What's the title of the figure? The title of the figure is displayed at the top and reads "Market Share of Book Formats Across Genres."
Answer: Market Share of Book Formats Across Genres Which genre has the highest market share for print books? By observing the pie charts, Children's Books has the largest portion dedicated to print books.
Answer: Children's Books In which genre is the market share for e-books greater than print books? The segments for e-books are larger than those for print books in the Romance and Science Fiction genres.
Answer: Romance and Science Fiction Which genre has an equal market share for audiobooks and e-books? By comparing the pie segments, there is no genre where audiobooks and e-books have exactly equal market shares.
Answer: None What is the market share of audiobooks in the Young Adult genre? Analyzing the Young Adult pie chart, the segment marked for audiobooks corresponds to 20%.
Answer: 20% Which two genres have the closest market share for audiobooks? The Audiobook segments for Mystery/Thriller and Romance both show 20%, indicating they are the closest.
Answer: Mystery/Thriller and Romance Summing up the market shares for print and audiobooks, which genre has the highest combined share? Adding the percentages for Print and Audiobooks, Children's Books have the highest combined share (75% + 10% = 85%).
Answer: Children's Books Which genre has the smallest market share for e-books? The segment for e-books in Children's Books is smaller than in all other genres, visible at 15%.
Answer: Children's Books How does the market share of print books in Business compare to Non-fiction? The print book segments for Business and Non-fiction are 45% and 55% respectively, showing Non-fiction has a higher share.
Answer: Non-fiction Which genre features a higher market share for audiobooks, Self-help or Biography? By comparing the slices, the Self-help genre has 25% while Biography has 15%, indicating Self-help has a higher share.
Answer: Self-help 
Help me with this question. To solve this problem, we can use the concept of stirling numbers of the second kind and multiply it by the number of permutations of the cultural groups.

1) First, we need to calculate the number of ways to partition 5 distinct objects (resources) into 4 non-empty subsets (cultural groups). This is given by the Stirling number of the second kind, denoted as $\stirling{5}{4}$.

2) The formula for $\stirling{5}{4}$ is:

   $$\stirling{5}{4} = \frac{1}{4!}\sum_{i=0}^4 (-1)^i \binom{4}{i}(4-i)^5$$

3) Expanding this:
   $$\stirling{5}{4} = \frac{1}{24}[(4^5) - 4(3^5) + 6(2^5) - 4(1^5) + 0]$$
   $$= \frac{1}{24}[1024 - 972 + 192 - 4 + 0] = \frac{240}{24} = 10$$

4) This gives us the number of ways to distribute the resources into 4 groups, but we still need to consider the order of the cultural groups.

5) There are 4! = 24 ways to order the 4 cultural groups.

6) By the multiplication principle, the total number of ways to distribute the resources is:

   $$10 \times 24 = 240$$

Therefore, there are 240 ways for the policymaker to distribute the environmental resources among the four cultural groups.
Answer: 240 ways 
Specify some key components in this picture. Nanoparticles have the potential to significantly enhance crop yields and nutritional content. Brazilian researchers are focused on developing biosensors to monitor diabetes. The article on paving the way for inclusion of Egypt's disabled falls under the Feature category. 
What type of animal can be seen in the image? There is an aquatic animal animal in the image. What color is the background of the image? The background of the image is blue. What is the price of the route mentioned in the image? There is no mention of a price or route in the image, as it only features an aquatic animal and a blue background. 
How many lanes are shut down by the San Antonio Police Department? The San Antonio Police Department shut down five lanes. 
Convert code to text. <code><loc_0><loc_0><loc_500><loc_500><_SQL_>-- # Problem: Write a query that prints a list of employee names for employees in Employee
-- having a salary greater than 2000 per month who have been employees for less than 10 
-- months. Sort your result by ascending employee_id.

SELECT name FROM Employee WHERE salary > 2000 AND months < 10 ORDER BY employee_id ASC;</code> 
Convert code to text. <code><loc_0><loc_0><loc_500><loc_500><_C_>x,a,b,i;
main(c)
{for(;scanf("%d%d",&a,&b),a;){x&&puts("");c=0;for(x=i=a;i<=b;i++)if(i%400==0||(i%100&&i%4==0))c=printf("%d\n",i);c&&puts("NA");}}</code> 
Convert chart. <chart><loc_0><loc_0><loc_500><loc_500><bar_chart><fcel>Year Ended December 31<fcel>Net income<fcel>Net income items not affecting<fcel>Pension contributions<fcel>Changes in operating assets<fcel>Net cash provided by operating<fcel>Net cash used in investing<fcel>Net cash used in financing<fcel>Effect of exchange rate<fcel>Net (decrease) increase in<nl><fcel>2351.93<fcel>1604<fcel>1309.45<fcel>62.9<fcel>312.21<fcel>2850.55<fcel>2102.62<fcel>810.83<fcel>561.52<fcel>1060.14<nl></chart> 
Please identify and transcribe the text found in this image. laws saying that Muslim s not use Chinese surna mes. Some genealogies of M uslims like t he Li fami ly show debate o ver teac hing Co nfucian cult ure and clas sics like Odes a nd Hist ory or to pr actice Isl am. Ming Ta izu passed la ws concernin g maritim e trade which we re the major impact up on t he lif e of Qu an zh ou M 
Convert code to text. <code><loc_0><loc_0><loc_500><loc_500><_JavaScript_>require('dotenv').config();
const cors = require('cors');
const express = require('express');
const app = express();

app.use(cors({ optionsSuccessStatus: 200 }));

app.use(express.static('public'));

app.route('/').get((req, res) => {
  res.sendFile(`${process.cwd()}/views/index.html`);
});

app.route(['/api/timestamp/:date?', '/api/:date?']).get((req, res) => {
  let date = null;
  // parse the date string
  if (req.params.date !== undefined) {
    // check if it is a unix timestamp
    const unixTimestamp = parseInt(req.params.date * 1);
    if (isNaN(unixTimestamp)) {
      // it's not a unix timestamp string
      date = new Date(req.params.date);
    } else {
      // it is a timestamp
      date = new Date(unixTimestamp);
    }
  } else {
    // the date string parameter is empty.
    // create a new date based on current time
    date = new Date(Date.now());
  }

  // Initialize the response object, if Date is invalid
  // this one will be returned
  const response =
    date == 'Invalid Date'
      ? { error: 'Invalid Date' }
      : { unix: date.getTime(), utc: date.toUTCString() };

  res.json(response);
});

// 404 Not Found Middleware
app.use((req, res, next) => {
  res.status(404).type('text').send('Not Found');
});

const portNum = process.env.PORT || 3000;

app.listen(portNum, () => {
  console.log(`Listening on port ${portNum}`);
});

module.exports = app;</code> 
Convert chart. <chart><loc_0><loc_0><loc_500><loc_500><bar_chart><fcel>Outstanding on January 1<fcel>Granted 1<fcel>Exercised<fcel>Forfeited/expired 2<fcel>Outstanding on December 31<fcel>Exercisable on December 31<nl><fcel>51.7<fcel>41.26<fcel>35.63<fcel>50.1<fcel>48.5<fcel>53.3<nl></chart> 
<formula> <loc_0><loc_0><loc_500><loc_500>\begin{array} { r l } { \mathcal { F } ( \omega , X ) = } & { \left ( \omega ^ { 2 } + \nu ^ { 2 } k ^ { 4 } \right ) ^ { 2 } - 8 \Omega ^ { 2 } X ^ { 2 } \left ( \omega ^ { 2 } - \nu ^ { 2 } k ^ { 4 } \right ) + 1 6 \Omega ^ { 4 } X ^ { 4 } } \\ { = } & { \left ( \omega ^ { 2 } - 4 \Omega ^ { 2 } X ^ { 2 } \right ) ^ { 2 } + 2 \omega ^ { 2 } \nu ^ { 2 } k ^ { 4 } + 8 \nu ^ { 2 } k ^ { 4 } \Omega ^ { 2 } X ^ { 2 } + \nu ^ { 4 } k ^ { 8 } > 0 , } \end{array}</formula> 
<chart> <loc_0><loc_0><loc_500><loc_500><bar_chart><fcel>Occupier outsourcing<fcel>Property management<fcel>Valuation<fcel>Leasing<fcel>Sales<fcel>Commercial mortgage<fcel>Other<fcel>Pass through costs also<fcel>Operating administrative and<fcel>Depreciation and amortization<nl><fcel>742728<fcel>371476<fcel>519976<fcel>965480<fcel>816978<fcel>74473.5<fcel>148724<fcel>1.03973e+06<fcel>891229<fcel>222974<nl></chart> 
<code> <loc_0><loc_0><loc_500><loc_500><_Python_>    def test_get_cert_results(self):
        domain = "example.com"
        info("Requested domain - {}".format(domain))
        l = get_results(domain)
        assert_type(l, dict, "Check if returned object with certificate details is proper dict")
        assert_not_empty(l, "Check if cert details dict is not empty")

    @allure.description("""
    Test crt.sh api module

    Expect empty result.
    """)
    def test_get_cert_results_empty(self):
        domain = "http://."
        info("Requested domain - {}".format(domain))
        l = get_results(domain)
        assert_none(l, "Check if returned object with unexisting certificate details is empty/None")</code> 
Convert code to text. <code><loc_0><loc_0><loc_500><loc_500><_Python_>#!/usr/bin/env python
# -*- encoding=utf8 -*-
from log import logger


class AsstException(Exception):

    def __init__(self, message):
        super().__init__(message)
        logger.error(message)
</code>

- - - - - - -

● **Description of the task**:
From the first line of the records above to the line that contains "Answer: Market Share", quote each line exactly.

● **Output of the exercise**:
What's the title of the figure? The title of the figure is displayed at the top and reads "Market Share of Book Formats Across Genres."
Answer: Market Share of Book Formats Across Genres Which genre has the highest market share for print books? By observing the pie charts, Children's Books has the largest portion dedicated to print books.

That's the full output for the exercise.